Крови не много пролив, не смогла угасить это пламя.

130 Марий, в седьмой уже раз возвратил себе консула связки:

Здесь его жизни предел; он все перенес, что Фортуна

Злейшая может послать, и лучший свой рок испытал он.

Все он измерить сумел, что дает человеку судьбина.

Сколько уже мертвецов лежит у Священного порта?

135 Толпы какие легли у Коллинских ворот в эту пору —

В дни, когда места едва державная мира столица

Не изменила, и был самнит исполнен надежды

Рим опозорить сильней, чем когда-то в Кавдинском ущельи?

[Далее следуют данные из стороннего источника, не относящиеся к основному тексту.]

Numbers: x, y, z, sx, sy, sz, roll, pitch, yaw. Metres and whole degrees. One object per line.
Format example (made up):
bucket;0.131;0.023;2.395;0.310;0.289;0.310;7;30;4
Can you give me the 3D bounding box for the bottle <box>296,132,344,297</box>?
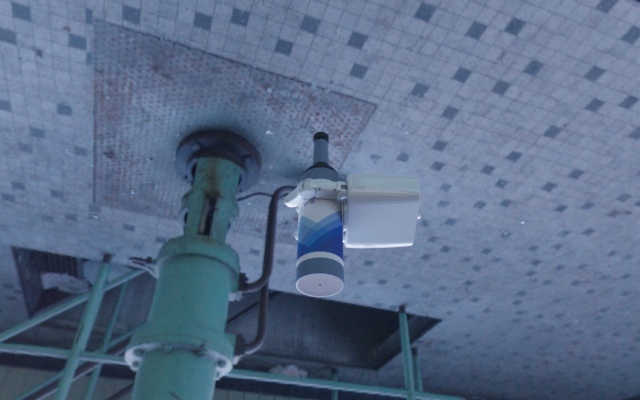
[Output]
bottle;0.000;0.003;0.743;0.069;0.295;0.069;0;-39;0
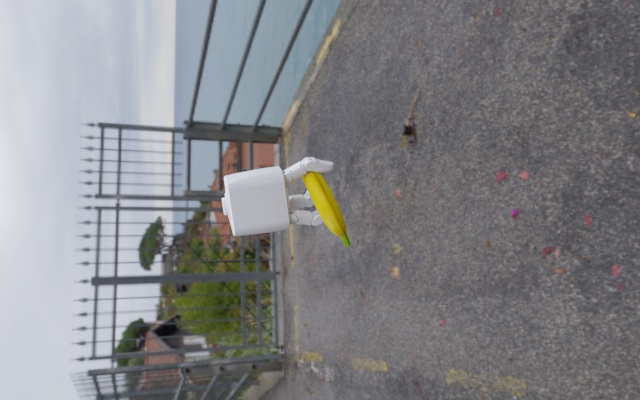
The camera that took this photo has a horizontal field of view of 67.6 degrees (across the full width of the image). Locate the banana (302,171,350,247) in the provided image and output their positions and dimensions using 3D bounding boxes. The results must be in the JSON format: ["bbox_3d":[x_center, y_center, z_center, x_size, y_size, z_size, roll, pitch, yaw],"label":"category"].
[{"bbox_3d":[0.001,-0.005,0.879,0.037,0.197,0.070,-19,-34,-10],"label":"banana"}]
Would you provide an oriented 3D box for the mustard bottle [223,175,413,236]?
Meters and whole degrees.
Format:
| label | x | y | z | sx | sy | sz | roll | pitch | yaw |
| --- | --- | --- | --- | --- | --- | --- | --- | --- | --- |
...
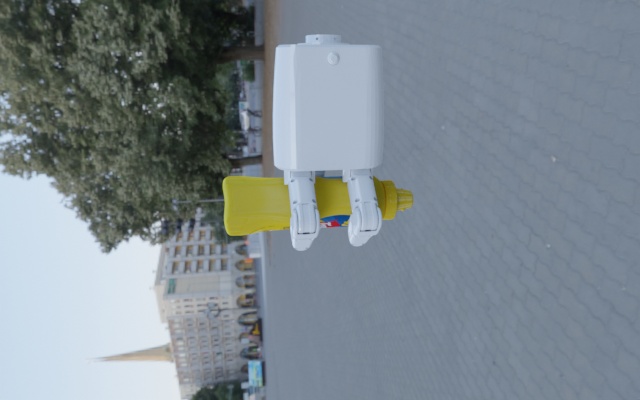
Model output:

Мстителем Сулла пришел, избиенья безмерные множа.

140 Он из столицы тогда ничтожный крови остаток

Вычерпал; руки его, отсекая загнившие члены,

Зло истребляя, чрез край свое завели врачеванье, —

И разрасталась болезнь: от меча погибали злодеи;

Но уцелеть в эти дни одни лишь злодеи умели.

145 Ненависть волю тогда получила, и вырвалась злоба,

Сбросив закона узду. Не один творил беззаконье, —

Каждый его создавал. И раз навсегда преступленье

Правилом вождь объявил. Коварный кинжал свой вонзает

Раб господину в живот; запятнаны кровью отцовской

150 Дети, и спорят о том, кому завладеть головою.

Братья назначить спешат продажную цену за брата.

Склепы полны беглецов, и тела живые смешались

С трупами мертвых; людей не вмещают звериные логи:

Этот, накинув петлю на горло, себя удушает;

155 Бросившись в пропасть, другой расшибает о твердую землю

Тяжкое тело свое; из рук победителя грозных

Смерть похищают они; а третий — костер погребальный

Сам себе строит из дров и, пока еще кровь не иссякла,

Прыгает в жаркий огонь, чтоб сгореть, пока еще можно.

160 Головы знатных несут по смятенному Риму на копьях,

В кучу на форум кладут: и здесь открывается людям

Тайных убийств череда. Не видала таких злодеяний

Фракия в стойлах коней на дворе у царя Бистониды,

Ливия — подле ворот Антея; и Греция в скорби

165 Стольких растерзанных тел во дворце не оплакала Писском.

Так как тела уж гниют, и время давно исказило

Лица родных мертвецов, — родители робкие тщатся

Трупы тайком подобрать к головам, узнаваемым трудно.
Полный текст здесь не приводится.